--- START ---
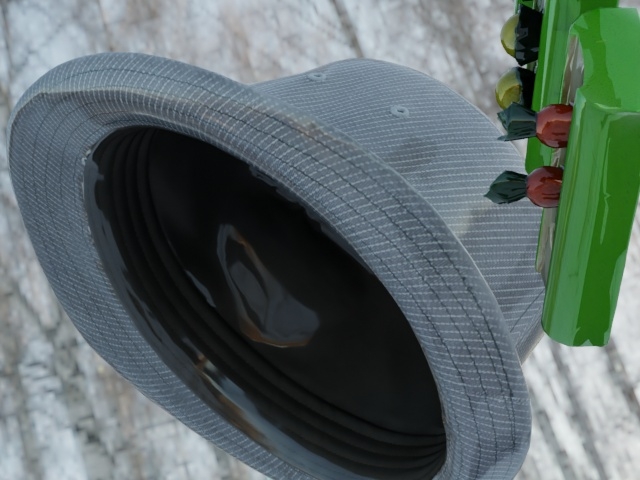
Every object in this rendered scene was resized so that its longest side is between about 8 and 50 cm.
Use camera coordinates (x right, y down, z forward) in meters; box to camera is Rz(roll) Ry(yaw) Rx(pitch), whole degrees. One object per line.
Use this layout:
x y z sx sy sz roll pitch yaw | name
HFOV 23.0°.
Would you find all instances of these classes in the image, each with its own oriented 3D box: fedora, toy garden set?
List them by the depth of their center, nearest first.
0.067 -0.124 0.503 0.049 0.244 0.203 0 -40 1 | toy garden set
0.000 0.000 0.707 0.124 0.275 0.243 -41 -49 -32 | fedora

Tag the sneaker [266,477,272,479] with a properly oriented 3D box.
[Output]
0.011 0.220 1.052 0.094 0.151 0.256 -13 -39 -45 | sneaker
--- END ---
TASK TO CARRY OUT
Only one number is wanted: how many lines of the data above include the word "roll".

RESPONSE TO THIS EXERCISE
2